Add DATABASE_URL and OPENAI_API_KEY to your Vercel project env vars.

3. Ingestion

Chunk your documents (a paragraph splitter works for most cases - see our context window assembly guide for advanced strategies), then embed and insert:

import { embedMany } from 'ai'
import { openai } from '@ai-sdk/openai'
import { neon } from '@neondatabase/serverless'

const sql = neon(process.env.DATABASE_URL!)

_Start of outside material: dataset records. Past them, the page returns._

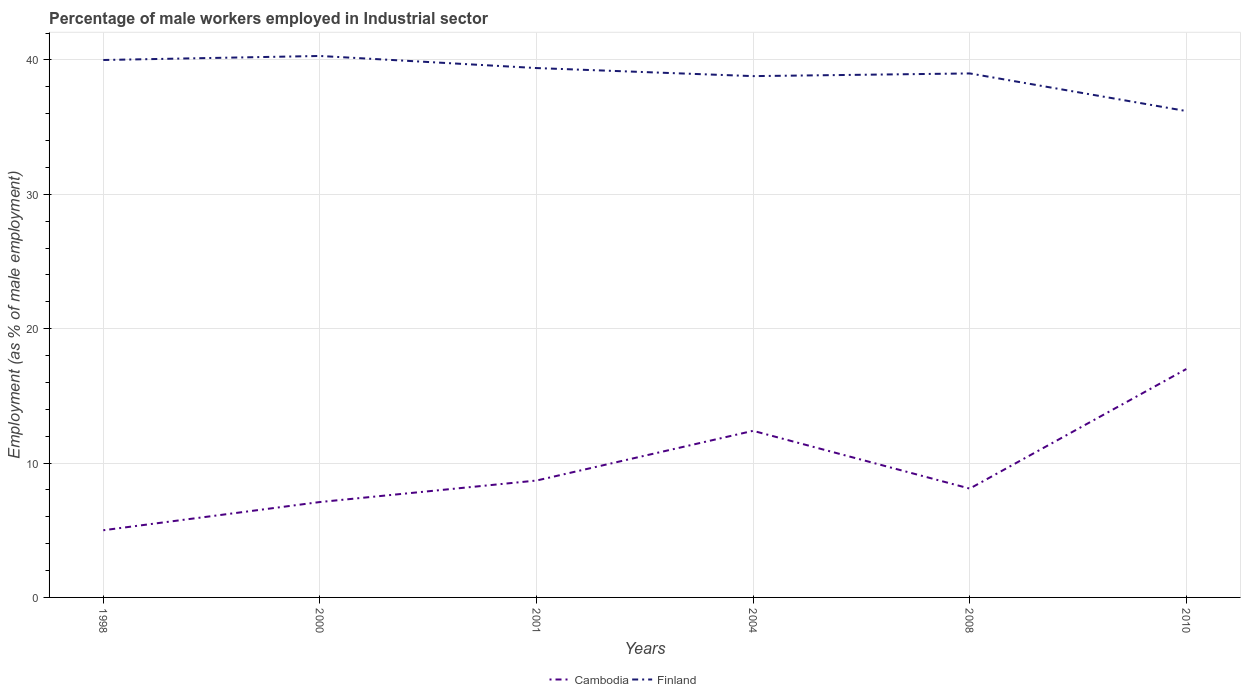Across all years, what is the maximum percentage of male workers employed in Industrial sector in Finland?
Offer a terse response. 36.2. In which year was the percentage of male workers employed in Industrial sector in Cambodia maximum?
Provide a succinct answer. 1998. What is the total percentage of male workers employed in Industrial sector in Cambodia in the graph?
Ensure brevity in your answer.  -3.7. Is the percentage of male workers employed in Industrial sector in Cambodia strictly greater than the percentage of male workers employed in Industrial sector in Finland over the years?
Provide a short and direct response. Yes. How many lines are there?
Offer a very short reply. 2. Are the values on the major ticks of Y-axis written in scientific E-notation?
Your answer should be very brief. No. Does the graph contain grids?
Offer a very short reply. Yes. How many legend labels are there?
Ensure brevity in your answer.  2. How are the legend labels stacked?
Give a very brief answer. Horizontal. What is the title of the graph?
Provide a succinct answer. Percentage of male workers employed in Industrial sector. Does "Argentina" appear as one of the legend labels in the graph?
Make the answer very short. No. What is the label or title of the X-axis?
Keep it short and to the point. Years. What is the label or title of the Y-axis?
Make the answer very short. Employment (as % of male employment). What is the Employment (as % of male employment) in Cambodia in 1998?
Give a very brief answer. 5. What is the Employment (as % of male employment) of Cambodia in 2000?
Offer a terse response. 7.1. What is the Employment (as % of male employment) in Finland in 2000?
Make the answer very short. 40.3. What is the Employment (as % of male employment) in Cambodia in 2001?
Your response must be concise. 8.7. What is the Employment (as % of male employment) in Finland in 2001?
Your answer should be very brief. 39.4. What is the Employment (as % of male employment) in Cambodia in 2004?
Provide a short and direct response. 12.4. What is the Employment (as % of male employment) in Finland in 2004?
Ensure brevity in your answer.  38.8. What is the Employment (as % of male employment) of Cambodia in 2008?
Offer a very short reply. 8.1. What is the Employment (as % of male employment) in Finland in 2008?
Keep it short and to the point. 39. What is the Employment (as % of male employment) in Finland in 2010?
Offer a terse response. 36.2. Across all years, what is the maximum Employment (as % of male employment) of Cambodia?
Keep it short and to the point. 17. Across all years, what is the maximum Employment (as % of male employment) of Finland?
Offer a very short reply. 40.3. Across all years, what is the minimum Employment (as % of male employment) in Finland?
Give a very brief answer. 36.2. What is the total Employment (as % of male employment) in Cambodia in the graph?
Give a very brief answer. 58.3. What is the total Employment (as % of male employment) of Finland in the graph?
Ensure brevity in your answer.  233.7. What is the difference between the Employment (as % of male employment) in Finland in 1998 and that in 2004?
Keep it short and to the point. 1.2. What is the difference between the Employment (as % of male employment) of Cambodia in 1998 and that in 2008?
Offer a very short reply. -3.1. What is the difference between the Employment (as % of male employment) of Cambodia in 1998 and that in 2010?
Offer a very short reply. -12. What is the difference between the Employment (as % of male employment) in Finland in 1998 and that in 2010?
Your answer should be very brief. 3.8. What is the difference between the Employment (as % of male employment) of Cambodia in 2000 and that in 2001?
Offer a terse response. -1.6. What is the difference between the Employment (as % of male employment) in Cambodia in 2000 and that in 2004?
Make the answer very short. -5.3. What is the difference between the Employment (as % of male employment) of Cambodia in 2000 and that in 2008?
Your answer should be compact. -1. What is the difference between the Employment (as % of male employment) in Finland in 2000 and that in 2008?
Give a very brief answer. 1.3. What is the difference between the Employment (as % of male employment) of Cambodia in 2000 and that in 2010?
Your response must be concise. -9.9. What is the difference between the Employment (as % of male employment) of Finland in 2001 and that in 2004?
Offer a very short reply. 0.6. What is the difference between the Employment (as % of male employment) of Cambodia in 2004 and that in 2010?
Make the answer very short. -4.6. What is the difference between the Employment (as % of male employment) in Finland in 2004 and that in 2010?
Provide a succinct answer. 2.6. What is the difference between the Employment (as % of male employment) of Cambodia in 2008 and that in 2010?
Give a very brief answer. -8.9. What is the difference between the Employment (as % of male employment) of Finland in 2008 and that in 2010?
Your response must be concise. 2.8. What is the difference between the Employment (as % of male employment) in Cambodia in 1998 and the Employment (as % of male employment) in Finland in 2000?
Keep it short and to the point. -35.3. What is the difference between the Employment (as % of male employment) in Cambodia in 1998 and the Employment (as % of male employment) in Finland in 2001?
Make the answer very short. -34.4. What is the difference between the Employment (as % of male employment) of Cambodia in 1998 and the Employment (as % of male employment) of Finland in 2004?
Offer a terse response. -33.8. What is the difference between the Employment (as % of male employment) of Cambodia in 1998 and the Employment (as % of male employment) of Finland in 2008?
Make the answer very short. -34. What is the difference between the Employment (as % of male employment) of Cambodia in 1998 and the Employment (as % of male employment) of Finland in 2010?
Offer a terse response. -31.2. What is the difference between the Employment (as % of male employment) of Cambodia in 2000 and the Employment (as % of male employment) of Finland in 2001?
Your answer should be very brief. -32.3. What is the difference between the Employment (as % of male employment) in Cambodia in 2000 and the Employment (as % of male employment) in Finland in 2004?
Your answer should be compact. -31.7. What is the difference between the Employment (as % of male employment) in Cambodia in 2000 and the Employment (as % of male employment) in Finland in 2008?
Provide a succinct answer. -31.9. What is the difference between the Employment (as % of male employment) of Cambodia in 2000 and the Employment (as % of male employment) of Finland in 2010?
Offer a terse response. -29.1. What is the difference between the Employment (as % of male employment) of Cambodia in 2001 and the Employment (as % of male employment) of Finland in 2004?
Keep it short and to the point. -30.1. What is the difference between the Employment (as % of male employment) in Cambodia in 2001 and the Employment (as % of male employment) in Finland in 2008?
Keep it short and to the point. -30.3. What is the difference between the Employment (as % of male employment) in Cambodia in 2001 and the Employment (as % of male employment) in Finland in 2010?
Make the answer very short. -27.5. What is the difference between the Employment (as % of male employment) in Cambodia in 2004 and the Employment (as % of male employment) in Finland in 2008?
Your answer should be compact. -26.6. What is the difference between the Employment (as % of male employment) in Cambodia in 2004 and the Employment (as % of male employment) in Finland in 2010?
Give a very brief answer. -23.8. What is the difference between the Employment (as % of male employment) in Cambodia in 2008 and the Employment (as % of male employment) in Finland in 2010?
Ensure brevity in your answer.  -28.1. What is the average Employment (as % of male employment) of Cambodia per year?
Give a very brief answer. 9.72. What is the average Employment (as % of male employment) in Finland per year?
Your response must be concise. 38.95. In the year 1998, what is the difference between the Employment (as % of male employment) of Cambodia and Employment (as % of male employment) of Finland?
Provide a succinct answer. -35. In the year 2000, what is the difference between the Employment (as % of male employment) of Cambodia and Employment (as % of male employment) of Finland?
Your answer should be compact. -33.2. In the year 2001, what is the difference between the Employment (as % of male employment) in Cambodia and Employment (as % of male employment) in Finland?
Offer a very short reply. -30.7. In the year 2004, what is the difference between the Employment (as % of male employment) of Cambodia and Employment (as % of male employment) of Finland?
Offer a terse response. -26.4. In the year 2008, what is the difference between the Employment (as % of male employment) in Cambodia and Employment (as % of male employment) in Finland?
Offer a terse response. -30.9. In the year 2010, what is the difference between the Employment (as % of male employment) of Cambodia and Employment (as % of male employment) of Finland?
Keep it short and to the point. -19.2. What is the ratio of the Employment (as % of male employment) in Cambodia in 1998 to that in 2000?
Make the answer very short. 0.7. What is the ratio of the Employment (as % of male employment) in Cambodia in 1998 to that in 2001?
Your answer should be very brief. 0.57. What is the ratio of the Employment (as % of male employment) of Finland in 1998 to that in 2001?
Offer a very short reply. 1.02. What is the ratio of the Employment (as % of male employment) of Cambodia in 1998 to that in 2004?
Provide a short and direct response. 0.4. What is the ratio of the Employment (as % of male employment) of Finland in 1998 to that in 2004?
Offer a very short reply. 1.03. What is the ratio of the Employment (as % of male employment) in Cambodia in 1998 to that in 2008?
Ensure brevity in your answer.  0.62. What is the ratio of the Employment (as % of male employment) in Finland in 1998 to that in 2008?
Ensure brevity in your answer.  1.03. What is the ratio of the Employment (as % of male employment) in Cambodia in 1998 to that in 2010?
Give a very brief answer. 0.29. What is the ratio of the Employment (as % of male employment) of Finland in 1998 to that in 2010?
Give a very brief answer. 1.1. What is the ratio of the Employment (as % of male employment) in Cambodia in 2000 to that in 2001?
Your answer should be compact. 0.82. What is the ratio of the Employment (as % of male employment) in Finland in 2000 to that in 2001?
Your response must be concise. 1.02. What is the ratio of the Employment (as % of male employment) in Cambodia in 2000 to that in 2004?
Ensure brevity in your answer.  0.57. What is the ratio of the Employment (as % of male employment) of Finland in 2000 to that in 2004?
Provide a short and direct response. 1.04. What is the ratio of the Employment (as % of male employment) in Cambodia in 2000 to that in 2008?
Your answer should be very brief. 0.88. What is the ratio of the Employment (as % of male employment) of Cambodia in 2000 to that in 2010?
Offer a very short reply. 0.42. What is the ratio of the Employment (as % of male employment) of Finland in 2000 to that in 2010?
Ensure brevity in your answer.  1.11. What is the ratio of the Employment (as % of male employment) of Cambodia in 2001 to that in 2004?
Your answer should be compact. 0.7. What is the ratio of the Employment (as % of male employment) of Finland in 2001 to that in 2004?
Provide a succinct answer. 1.02. What is the ratio of the Employment (as % of male employment) in Cambodia in 2001 to that in 2008?
Offer a very short reply. 1.07. What is the ratio of the Employment (as % of male employment) in Finland in 2001 to that in 2008?
Your answer should be compact. 1.01. What is the ratio of the Employment (as % of male employment) in Cambodia in 2001 to that in 2010?
Ensure brevity in your answer.  0.51. What is the ratio of the Employment (as % of male employment) of Finland in 2001 to that in 2010?
Provide a succinct answer. 1.09. What is the ratio of the Employment (as % of male employment) in Cambodia in 2004 to that in 2008?
Your answer should be compact. 1.53. What is the ratio of the Employment (as % of male employment) of Cambodia in 2004 to that in 2010?
Make the answer very short. 0.73. What is the ratio of the Employment (as % of male employment) of Finland in 2004 to that in 2010?
Provide a succinct answer. 1.07. What is the ratio of the Employment (as % of male employment) of Cambodia in 2008 to that in 2010?
Provide a succinct answer. 0.48. What is the ratio of the Employment (as % of male employment) in Finland in 2008 to that in 2010?
Your answer should be compact. 1.08. What is the difference between the highest and the second highest Employment (as % of male employment) of Cambodia?
Offer a very short reply. 4.6. What is the difference between the highest and the second highest Employment (as % of male employment) of Finland?
Keep it short and to the point. 0.3. What is the difference between the highest and the lowest Employment (as % of male employment) of Cambodia?
Make the answer very short. 12. What is the difference between the highest and the lowest Employment (as % of male employment) of Finland?
Offer a terse response. 4.1.

export async function ingest(chunks: string[]) {
  const { embeddings } = await embedMany({
    model: openai.embedding('text-embedding-3-small'),
    values: chunks,
  })

  await Promise.all(
    chunks.map((content, i) =>
      sql`INSERT INTO documents (content, embedding)
          VALUES (${content}, ${JSON.stringify(embeddings[i])})`
    )
  )
}

4. Retrieval

Embed the query, run a cosine-distance search (<=>), grab the top K:

import { embed } from 'ai'
import { openai } from '@ai-sdk/openai'
import { neon } from '@neondatabase/serverless'

const sql = neon(process.env.DATABASE_URL!)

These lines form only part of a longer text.